Como observa Enriquez (1998), o pensamento castoriadiano pensa a religião como “idêntica” à sociedade. A religião é a resposta à incapacidade humana de afrontar o Caos e o Abismo, ela “... fornece um nome ao inominável, uma representação ao irrepresentável, um lugar ao ilocalizável. Ela corresponde à recusa dos humanos em reconhecer a alteridade absoluta, o limite de toda a significação estabelecida...” (CASTORIADIS apud ENRIQUEZ, 1998, p. 33). O que torna possível a unidade de uma sociedade – permitindo pensá-la como “esta” sociedade – é a unidade de seu mundo de significações, (CASTORIADIS, 1995, p. 404). O sem sentido é inaceitável para as sociedades, elas conferem sentido a si mesmas – se instituem – ao conferir este sentido determinado às coisas, a tudo que se lhes apresenta.

Entende-se a afirmação de que, em dado contexto social-histórico, o simbólico responda pela estabilização do fluxo das significações imaginárias: ele está no âmago das instituições, mediando as significações sociais. É na linguagem que se encontra, primeiro, o simbólico, pois na linguagem se dá a significação – as remissões de cada termo a outros termos, a possibilidade de novos arranjos e sentidos, etc. As instituições constituem o simbólico em segundo grau, porque implicam alguma destilação da linguagem.

Instituições só existem no simbólico e “constituem cada qual uma rede simbólica” (CASTORIADIS, 1995, p. 142). Toda instituição é organização social-histórica que existe mediada por sistemas simbólicos sancionados. Isto significa que há sempre uma valência associada aos símbolos – um “contrato de venda” é um símbolo que vale à medida que obriga as partes contratantes da transação. O simbolismo é inseparável do social-histórico, não apenas porque se vincula ao imaginário, mas também porque trabalha com o passado:

Todo simbolismo se edifica sobre as ruínas dos edifícios simbólicos precedentes, utilizando seus materiais... Por suas conexões naturais e históricas virtualmente ilimitadas, o significante ultrapassa sempre a ligação rígida a um significado preciso, podendo conduzir a lugares totalmente

inesperados. A constituição do simbolismo na vida social e histórica real não tem qualquer ligação com definições ‘fechadas’ e ‘transparentes’ dos símbolos [como se supõe existir] ao longo de um trabalho matemático. (CASTORIADIS,1995, p. 147).
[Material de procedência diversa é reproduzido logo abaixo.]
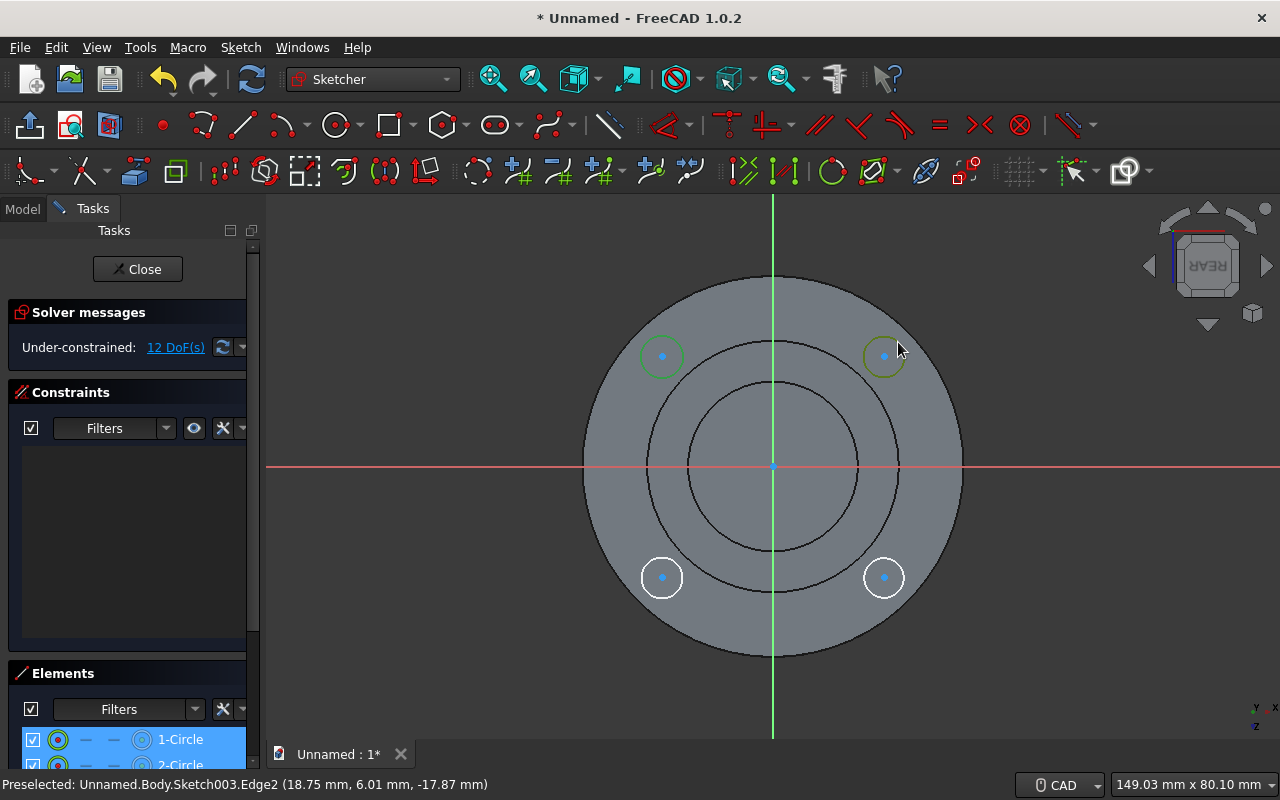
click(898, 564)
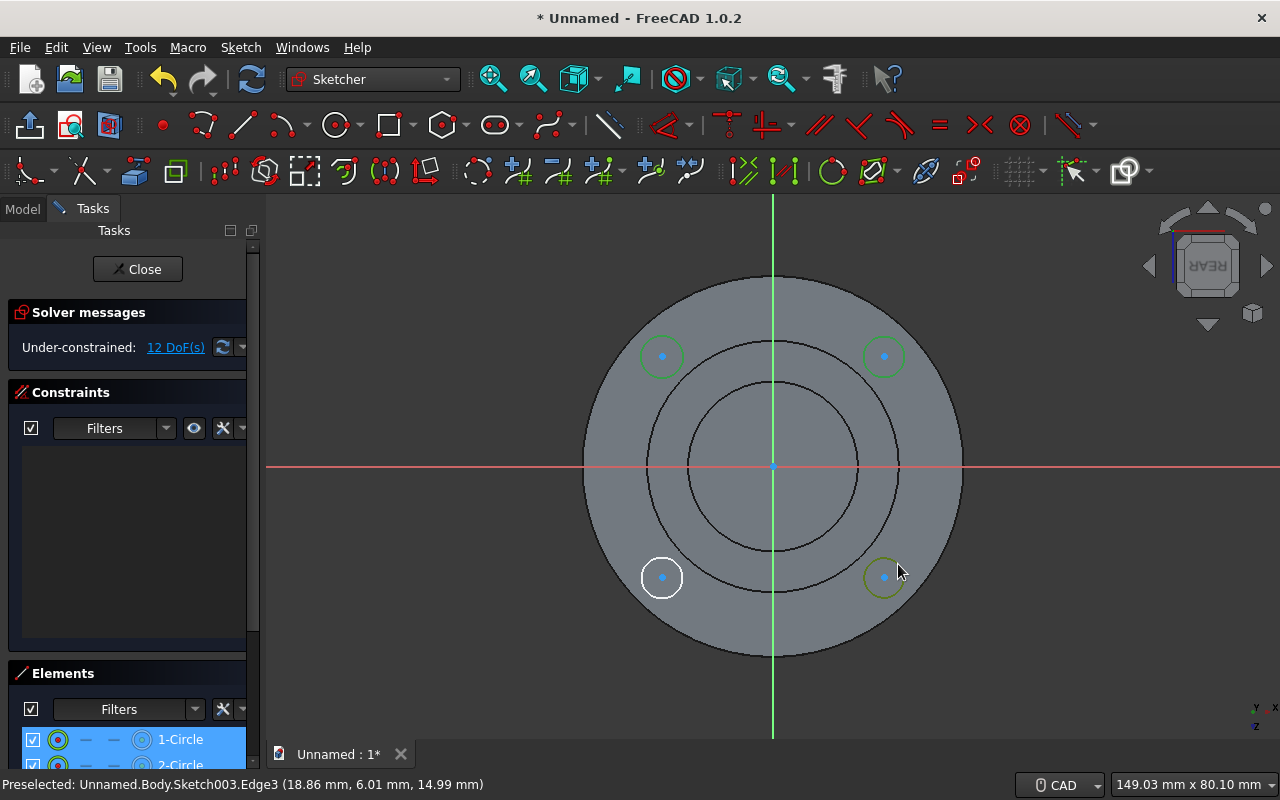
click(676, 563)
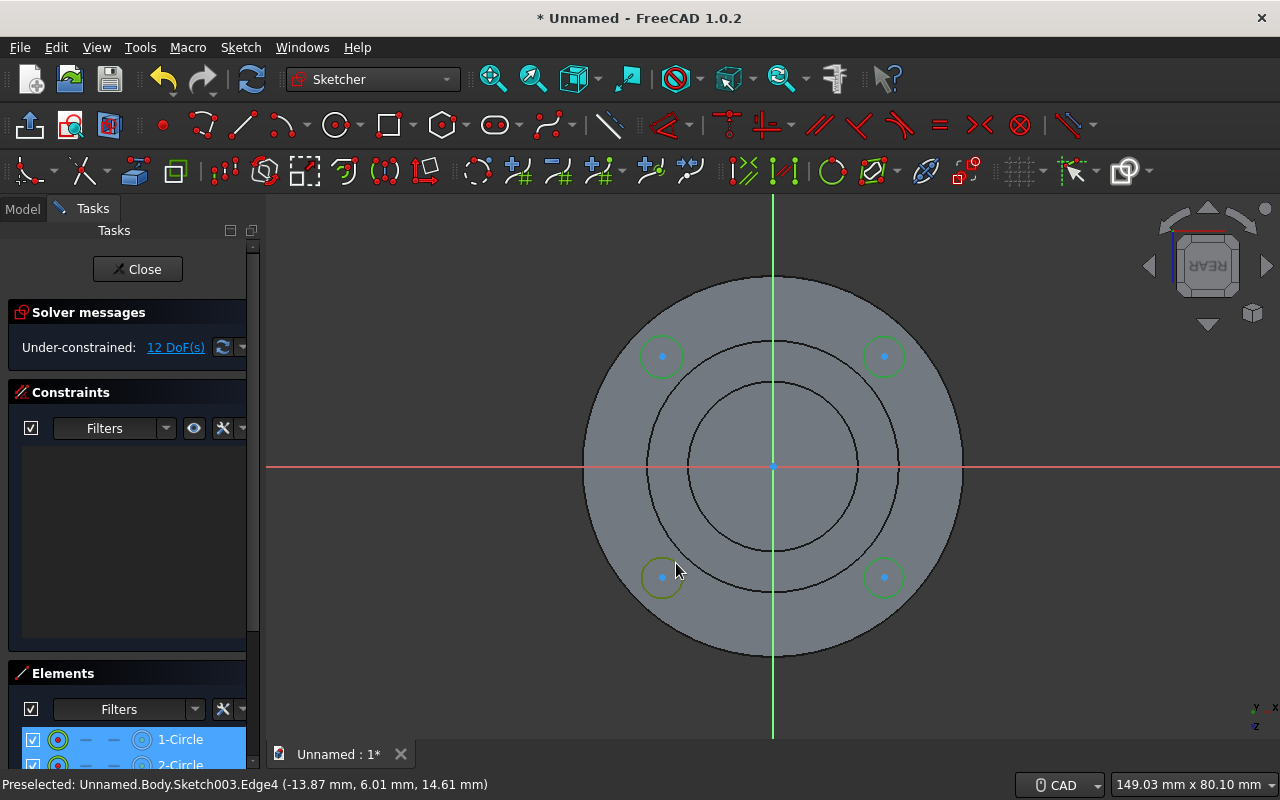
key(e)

O simbolismo age “por diferença”, os signos emergem sobre “o fundo de alguma coisa que não é signo ou que é signo de outra coisa” (CASTORIADIS, 1995, p. 144, nota 6). Este jogo da diferença dinamiza o simbólico, movimenta suas fronteiras. A “escolha” de um símbolo “não é nunca nem absolutamente inevitável, nem puramente aleatória”, a referência ao real compõe o teor dos símbolos, que raras vezes podem ser totalmente convencionais (CASTORIADIS, 1995, p. 144).
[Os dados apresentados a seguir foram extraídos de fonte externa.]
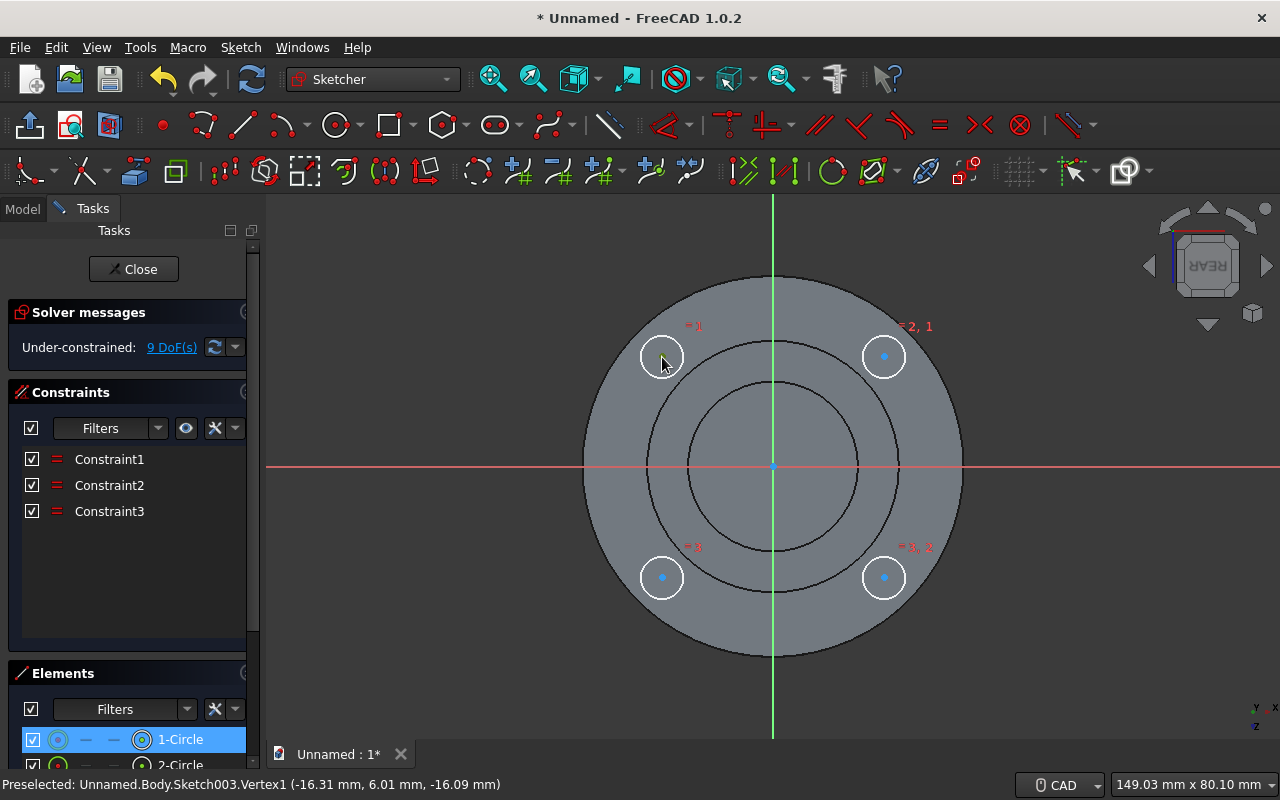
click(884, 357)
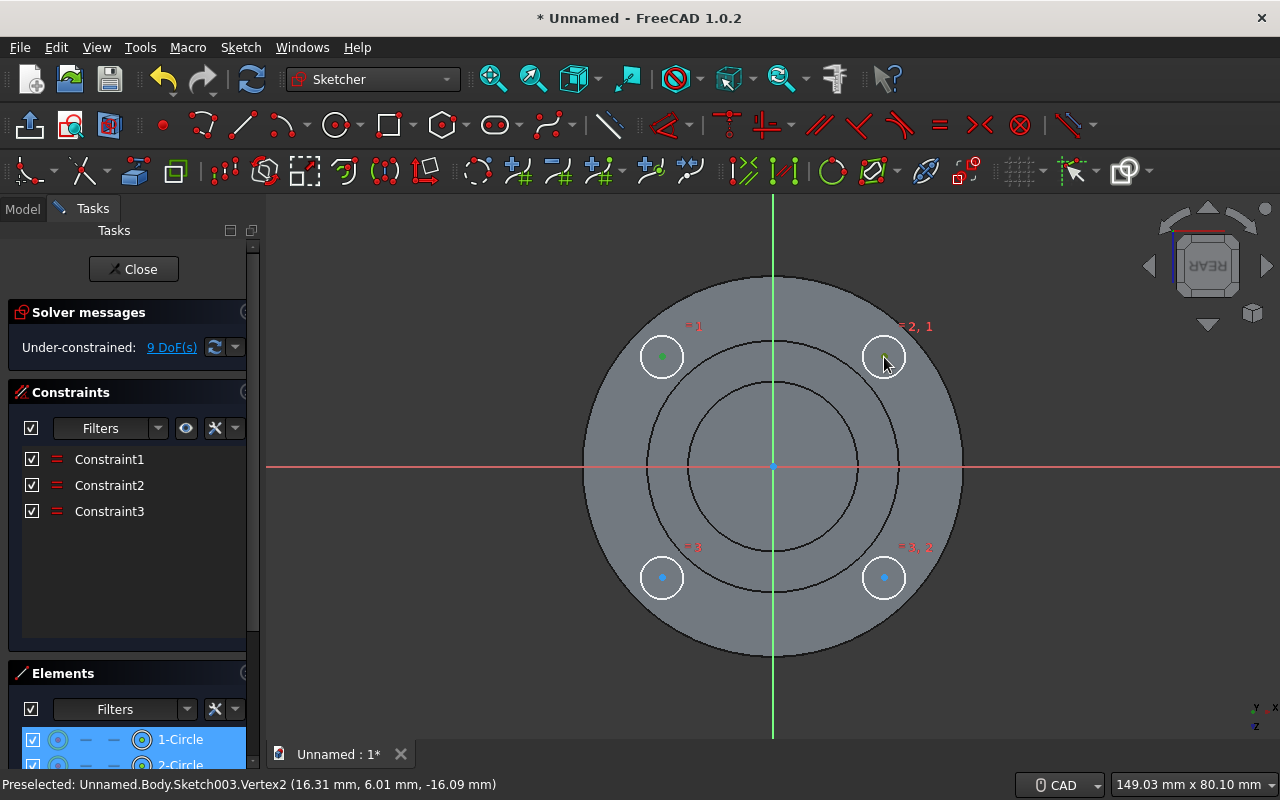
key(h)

Se o imaginário moderno “realiza ao extremo a autonomização do puro simbolismo”, é evidente que ele deva ser associado a uma manifestação localizada historicamente; é o imaginário social-histórico que abandona o homem aos símbolos – tomados por formas atemporais “verdadeiras” e “essenciais”, formas pré-determinadas (CASTORIADIS, 1995, p. 236). O imaginário moderno é este que apresenta a repetição e imitação como equivalente da vida em sociedade. O “cerne religioso” das instituições faz saltar aos olhos o efeito da instituição social do tempo, do qual a instituição imaginária moderna é apenas um momento. O social se faz como modo específico de temporalidade efetiva, “ele se institui implicitamente como qualidade singular de temporalidade” (CASTORIADIS, 1995, p. 252). Toda instituição social-histórica nasce por uma ruptura do tempo, a instituição necessita suspender o tempo, colocar-se fora dele, para recusar sua alteração, pondo como norma uma identidade imutável.

É possível “interpretar o encobrimento da alteridade, a denegação do tempo, o desconhecimento pela sociedade de seu próprio ser social-histórico como enraizados na própria instituição da sociedade tal como a concebemos, ou seja: tal como ela, até aqui, se instituiu” (CASTORIADIS, 1995, p. 251). O modo da sociedade se instituir caracteriza uma recusa de ver que ela se institui; a instituição, como tal, é a negação de sua própria invenção histórica: “a auto-destruição incessante da criatividade da sociedade e dos homens” como equivalente da vida em sociedade (CASTORIADIS, 1995, p. 252).